We have called repeatedly on the government to implement key portions 
of the agreement, including disarmament of Arab militias and 
empowerment of the Transitional Darfur Regional Authority. One of our 
most important tasks is to bolster the position of Minni Minawi, the 
sole rebel signatory to the DPA, in order to show that embracing peace 
yields dividends. He has been marginalized by the government on key 
decisions related to Darfur and the package of reintegration assistance 
promised to his troops under the DPA has materialized very slowly, if 
at all. Most recently, a violent and deadly March 24 attack by the GOS 
on a house run by SLM/MM in Khartoum and the fatal ambush of a senior 
commander in Darfur, only serves to raise questions about the 
seriousness of the GOS commitment to a negotiated peace. Nonsignatory 
factions might ask why they should sign the Darfur Peace Agreement if 
the GOS continues to brutalize parties to the agreement.

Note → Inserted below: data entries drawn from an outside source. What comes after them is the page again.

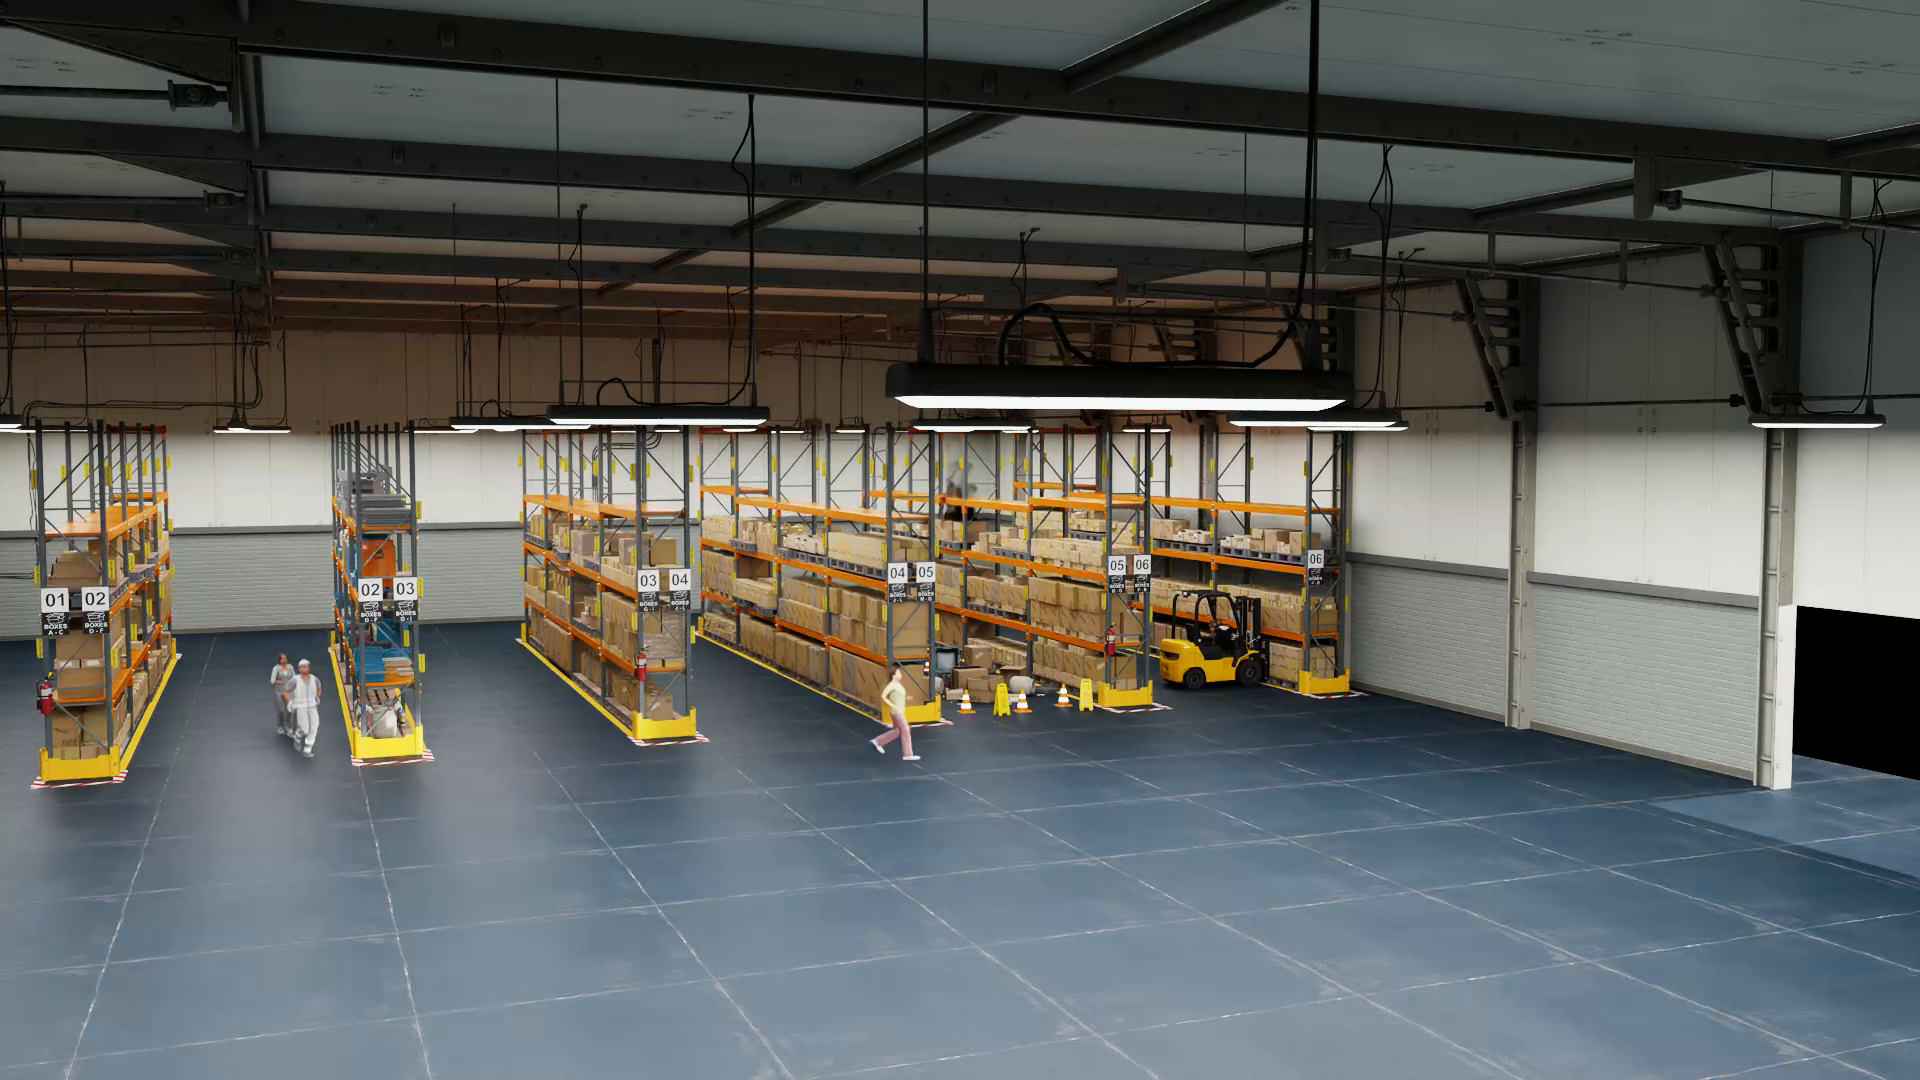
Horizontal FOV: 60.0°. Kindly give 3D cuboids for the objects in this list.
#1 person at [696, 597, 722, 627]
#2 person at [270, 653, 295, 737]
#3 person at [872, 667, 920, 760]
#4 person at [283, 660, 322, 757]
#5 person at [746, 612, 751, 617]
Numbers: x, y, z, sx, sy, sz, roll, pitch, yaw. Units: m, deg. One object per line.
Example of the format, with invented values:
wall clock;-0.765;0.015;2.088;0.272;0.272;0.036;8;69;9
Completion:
person;-7.453;1.746;49.492;0.936;1.741;0.702;1;4;14
person;-12.889;2.952;31.713;0.490;1.625;0.711;-2;4;-33
person;-1.141;3.056;29.356;0.895;1.643;0.588;1;4;12
person;-11.651;2.998;29.622;0.647;1.727;0.563;-3;5;-40
person;-6.187;1.805;49.978;0.733;1.647;0.521;-2;4;-24
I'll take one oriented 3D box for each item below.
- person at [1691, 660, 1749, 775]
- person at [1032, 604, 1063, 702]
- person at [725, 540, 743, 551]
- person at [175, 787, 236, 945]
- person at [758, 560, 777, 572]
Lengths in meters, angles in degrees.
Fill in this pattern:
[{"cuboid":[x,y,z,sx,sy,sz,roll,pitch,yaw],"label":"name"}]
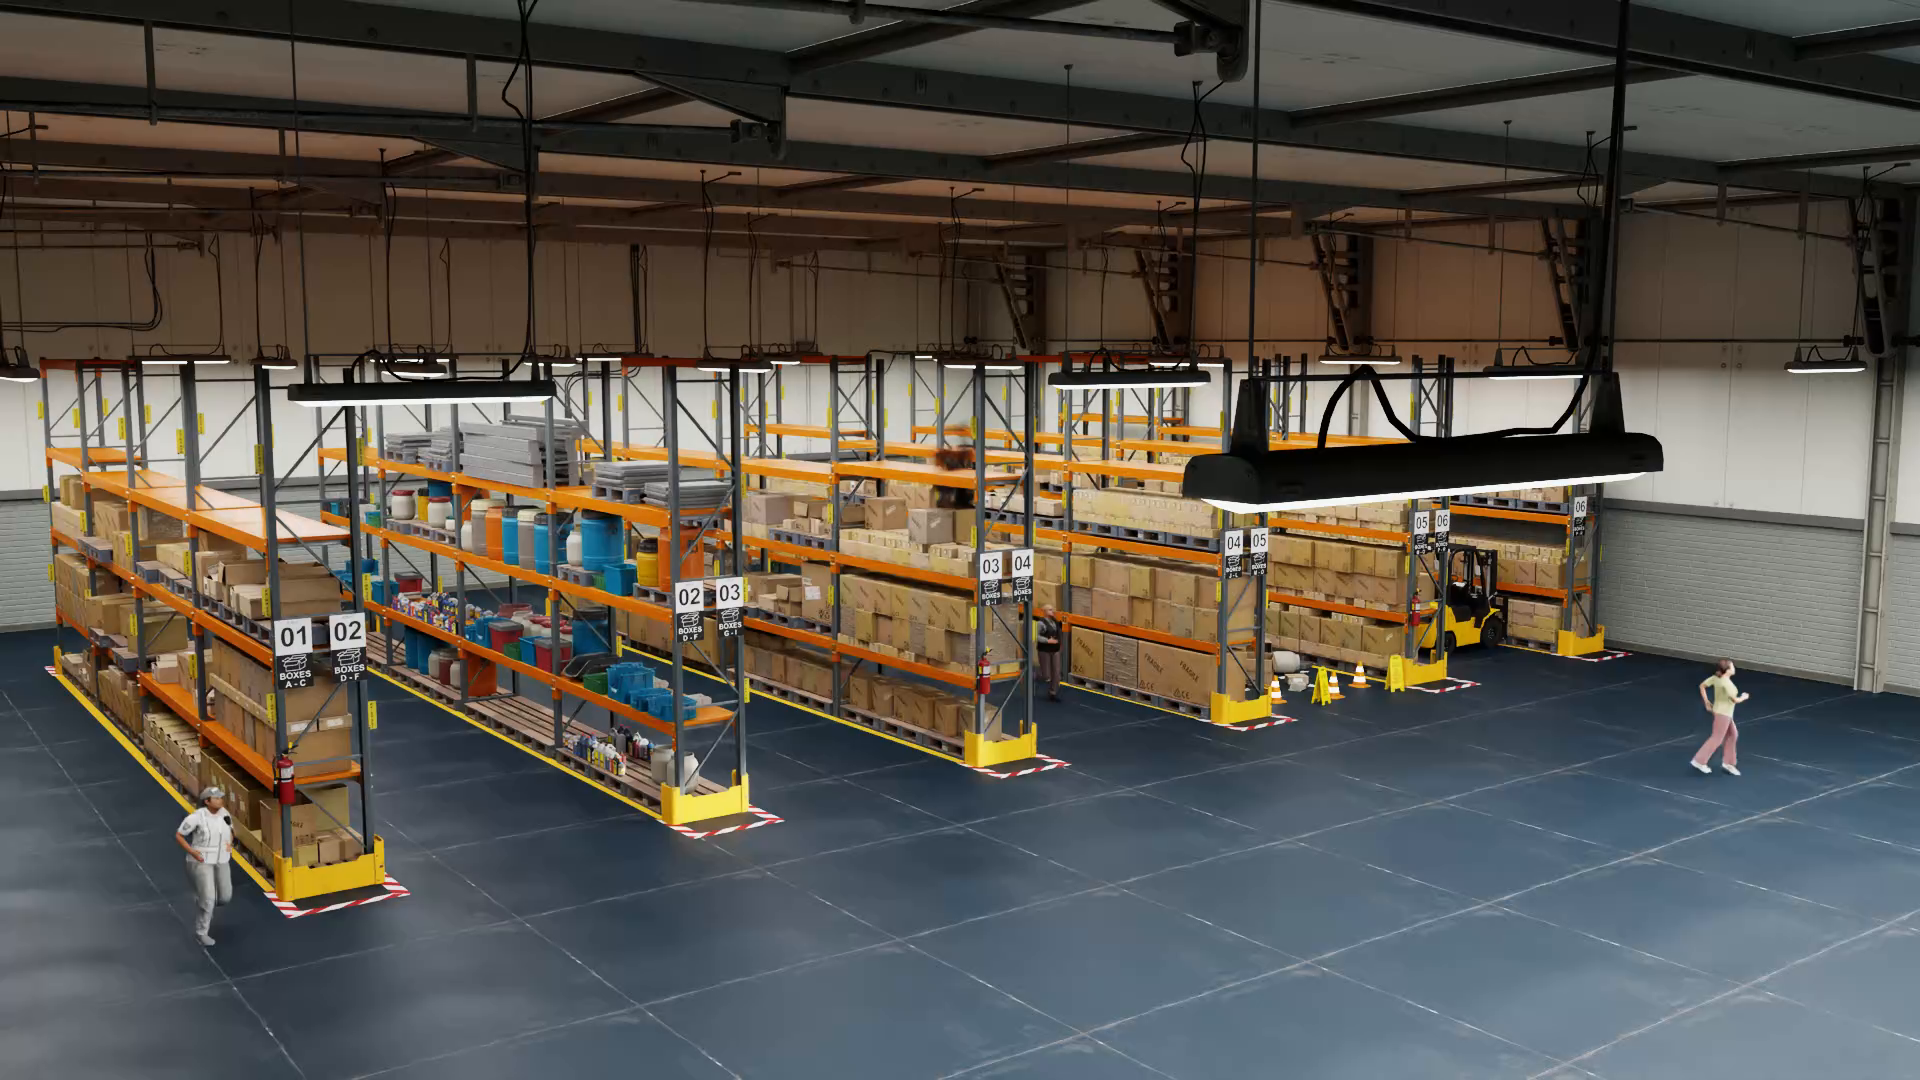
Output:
[{"cuboid":[11.084,2.596,24.222,0.755,1.737,0.564,1,7,5],"label":"person"},{"cuboid":[1.531,1.968,29.329,0.665,1.693,0.775,-6,9,-40],"label":"person"},{"cuboid":[-5.786,0.541,41.387,0.680,1.707,0.821,7,10,44],"label":"person"},{"cuboid":[-8.021,3.433,17.776,0.689,1.614,0.634,4,8,32],"label":"person"},{"cuboid":[-4.782,0.454,41.802,0.597,1.709,0.708,0,7,-3],"label":"person"}]

    The number of rebel groups now operating in Darfur also complicates 
a negotiated settlement. As I mentioned earlier, the GOS has played a 
major role in splintering opposition movements into factions and has 
attempted to buy off one group at a time rather than pursuing a broader 
peace through transparent negotiation with all parties. This tactic of 
divide and conquer creates inequality, dissatisfaction and mistrust 
among rebel factions, delaying or preventing the creation of a unified 
political position. Surrounding countries have also exacerbated 
divisions by providing support for rebel groups in pursuit of their own 
geopolitical agendas. As a result, we now confront a confusing array of 
rebel factions, the number of which fluctuates up to as many as 15 at 
any given time. Rebel leaders frequently appear more focused on their 
own ambitions than on the well-being of people in Darfur. No peace 
agreement would have been possible in southern Sudan had there been 
multiple rebel factions each with a different political agenda.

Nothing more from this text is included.